The Court also notes that Fahs never objected to Defendants taking the deposition of Mr. Citron, in line with the Court's Orders. See February 3, 2006 Order and Opinion [Docket Entry No. 48] at p. 7. Moreover, it is the Court's understanding that Mr. Citron has already been deposed.
Stark also fails to adequately establish that Fahs Rolston put the advice of its attorneys in issue. Stark cites the deposition of Carl Guy and asserts that "Guy's testimony is clear that his counsel's statement was wrong and he tried to correct the erroneous statement to resurrect the transaction." Stark Opposition at 7. However, the deposition transcript reveals that Guy did not agree with how a section of a letter was written by his counsel and he therefore sent a letter on his own. See Stark Opposition Ex. A at 22:11 — 27:15. The other sections of Guy's deposition cited by Stark include numerous objections based upon attorney client privilege. The fact that Fahs Rolston's counsel objected to a deposition question and asserted attorney-client privilege is not equivalent to Fahs Rolston putting the advice of their attorneys in issue. Therefore, the Court finds that Stark has also failed to show that Fahs Rolston has placed the advice of counsel in issue.

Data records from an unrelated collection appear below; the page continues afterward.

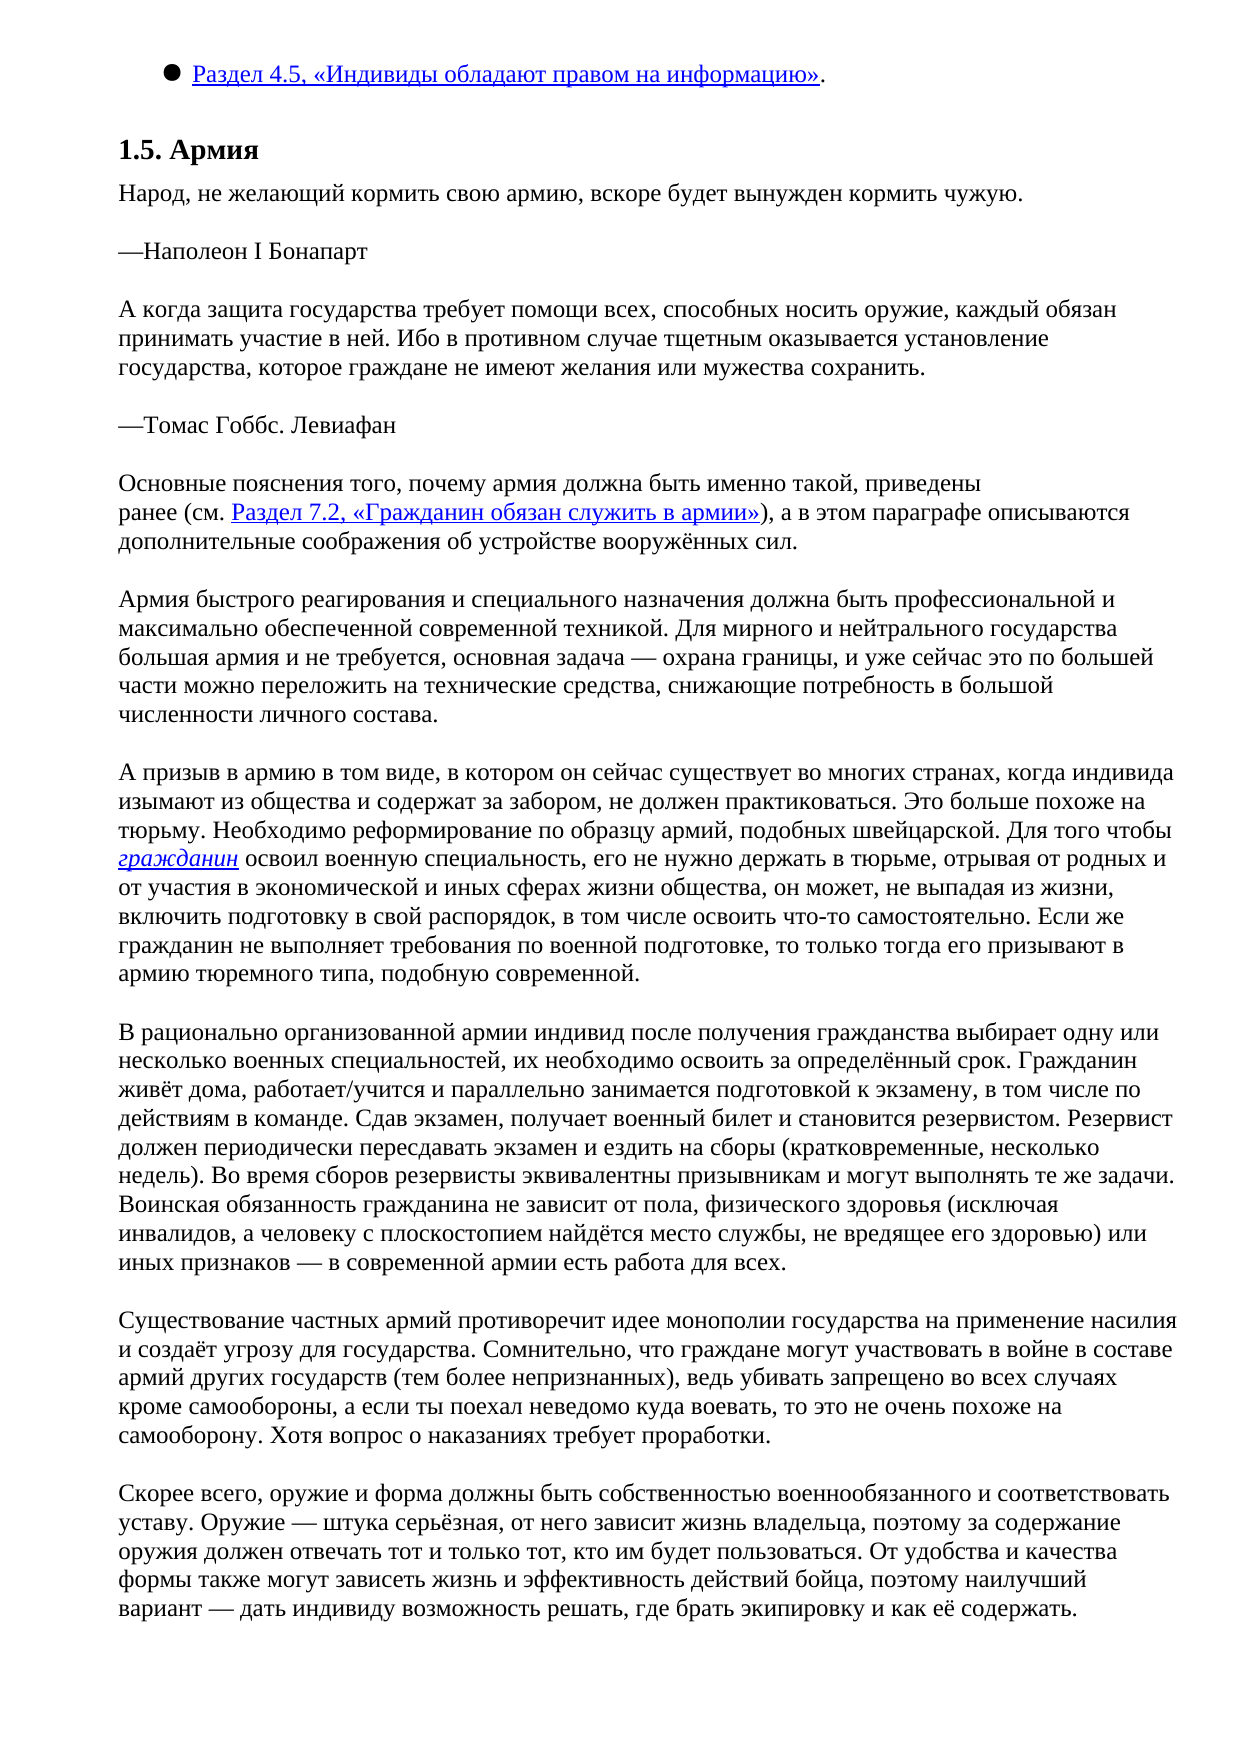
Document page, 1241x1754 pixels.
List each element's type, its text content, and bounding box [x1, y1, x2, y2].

text Основные пояснения того, почему армия должна быть именно такой, приведены ранее (см. Раздел 7.2, «Гражданин обязан служить в армии»), а в этом параграфе описываются дополнительные соображения об устройстве вооружённых сил. [118, 468, 1181, 554]
list Раздел 4.5, «Индивиды обладают правом на информацию». [162, 59, 1181, 88]
text А когда защита государства требует помощи всех, способных носить оружие, каждый обязан принимать участие в ней. Ибо в противном случае тщетным оказывается установление государства, которое граждане не имеют желания или мужества сохранить. [118, 294, 1181, 381]
text —Наполеон I Бонапарт [118, 236, 1181, 265]
text В рационально организованной армии индивид после получения гражданства выбирает одну или несколько военных специальностей, их необходимо освоить за определённый срок. Гражданин живёт дома, работает/учится и параллельно занимается подготовкой к экзамену, в том числе по действиям в команде. Сдав экзамен, получает военный билет и становится резервистом. Резервист должен периодически пересдавать экзамен и ездить на сборы (кратковременные, несколько недель). Во время сборов резервисты эквивалентны призывникам и могут выполнять те же задачи. Воинская обязанность гражданина не зависит от пола, физического здоровья (исключая инвалидов, а человеку с плоскостопием найдётся место службы, не вредящее его здоровью) или иных признаков — в современной армии есть работа для всех. [118, 1017, 1181, 1276]
text Народ, не желающий кормить свою армию, вскоре будет вынужден кормить чужую. [118, 178, 1181, 207]
subtitle 1.5. Армия [118, 132, 1181, 165]
text Армия быстрого реагирования и специального назначения должна быть профессиональной и максимально обеспеченной современной техникой. Для мирного и нейтрального государства большая армия и не требуется, основная задача — охрана границы, и уже сейчас это по большей части можно переложить на технические средства, снижающие потребность в большой численности личного состава. [118, 584, 1181, 728]
text Скорее всего, оружие и форма должны быть собственностью военнообязанного и соответствовать уставу. Оружие — штука серьёзная, от него зависит жизнь владельца, поэтому за содержание оружия должен отвечать тот и только тот, кто им будет пользоваться. От удобства и качества формы также могут зависеть жизнь и эффективность действий бойца, поэтому наилучший вариант — дать индивиду возможность решать, где брать экипировку и как её содержать. [118, 1478, 1181, 1622]
text Существование частных армий противоречит идее монополии государства на применение насилия и создаёт угрозу для государства. Сомнительно, что граждане могут участвовать в войне в составе армий других государств (тем более непризнанных), ведь убивать запрещено во всех случаях кроме самообороны, а если ты поехал неведомо куда воевать, то это не очень похоже на самооборону. Хотя вопрос о наказаниях требует проработки. [118, 1305, 1181, 1449]
text А призыв в армию в том виде, в котором он сейчас существует во многих странах, когда индивида изымают из общества и содержат за забором, не должен практиковаться. Это больше похоже на тюрьму. Необходимо реформирование по образцу армий, подобных швейцарской. Для того чтобы гражданин освоил военную специальность, его не нужно держать в тюрьме, отрывая от родных и от участия в экономической и иных сферах жизни общества, он может, не выпадая из жизни, включить подготовку в свой распорядок, в том числе освоить что-то самостоятельно. Если же гражданин не выполняет требования по военной подготовке, то только тогда его призывают в армию тюремного типа, подобную современной. [118, 757, 1181, 987]
text —Томас Гоббс. Левиафан [118, 410, 1181, 439]
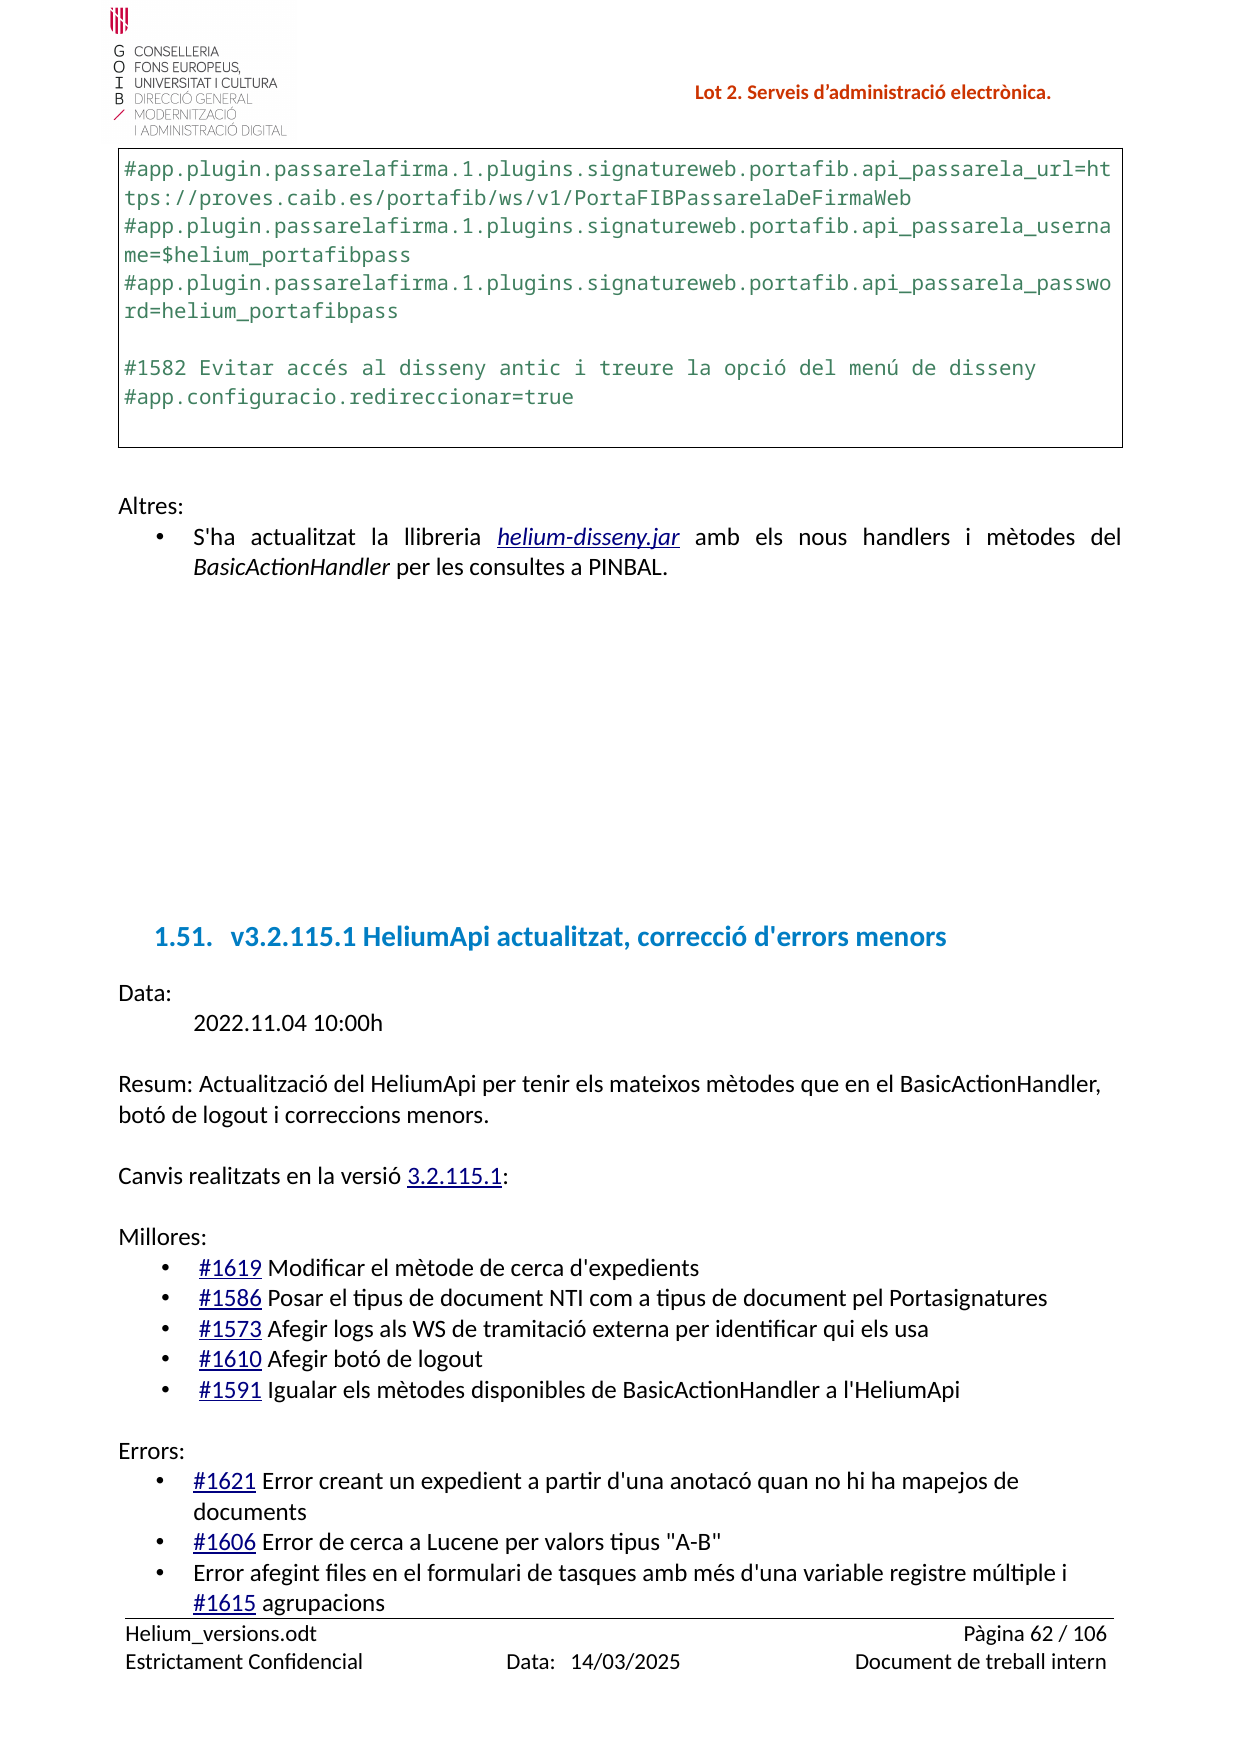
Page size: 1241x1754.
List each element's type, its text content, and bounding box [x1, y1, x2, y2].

text 2022.11.04 10:00h [118, 1007, 1122, 1038]
list #1619 Modificar el mètode de cerca d'expedients [161, 1252, 1122, 1282]
list #1606 Error de cerca a Lucene per valors tipus "A-B" [156, 1526, 1122, 1557]
subtitle v3.2.115.1 HeliumApi actualitzat, correcció d'errors menors [153, 918, 1122, 953]
list Error afegint files en el formulari de tasques amb més d'una variable registre múltiple i #1615 agrupacions [156, 1557, 1122, 1618]
list #1586 Posar el tipus de document NTI com a tipus de document pel Portasignatures [161, 1282, 1122, 1313]
table_header #app.plugin.passarelafirma.1.plugins.signatureweb.portafib.api_passarela_url=https://proves.caib.es/portafib/ws/v1/PortaFIBPassarelaDeFirmaWeb #app.plugin.passarelafirma.1.plugins.signatureweb.portafib.api_passarela_username=$helium_portafibpass #app.plugin.passarelafirma.1.plugins.signatureweb.portafib.api_passarela_password=helium_portafibpass #1582 Evitar accés al disseny antic i treure la opció del menú de disseny #app.configuracio.redireccionar=true [119, 149, 1122, 447]
list #1610 Afegir botó de logout [161, 1343, 1122, 1374]
text Data: [118, 977, 1122, 1007]
text Millores: [118, 1221, 1122, 1252]
text Canvis realitzats en la versió 3.2.115.1: [118, 1160, 1122, 1191]
picture [100, 0, 297, 144]
list #1573 Afegir logs als WS de tramitació externa per identificar qui els usa [161, 1313, 1122, 1343]
text Resum: Actualització del HeliumApi per tenir els mateixos mètodes que en el BasicActionHandler, botó de logout i correccions menors. [118, 1068, 1122, 1129]
list S'ha actualitzat la llibreria helium-disseny.jar amb els nous handlers i mètodes del BasicActionHandler per les consultes a PINBAL. [156, 521, 1122, 582]
text Errors: [118, 1435, 1122, 1465]
list #1591 Igualar els mètodes disponibles de BasicActionHandler a l'HeliumApi [161, 1374, 1122, 1404]
text Altres: [118, 490, 1122, 521]
list #1621 Error creant un expedient a partir d'una anotacó quan no hi ha mapejos de documents [156, 1465, 1122, 1526]

Because Pennington and Stark have failed to show that Fahs Rolston has placed the advice of counsel in issue, the Court does not need to weigh the three factors outlined in Kozlov. Therefore Pennington and Stark's Informal Motion to Compel is DENIED.
III. CONCLUSION AND ORDER
For the aforementioned reasons and for good cause shown,
IT IS on this 27th day of December, 2006,
ORDERED that Fahs Rolston's Informal Motion to Compel is GRANTED; and it is further
ORDERED that Defendants Stark and Pennington's Informal Motion to Compel is DENIED.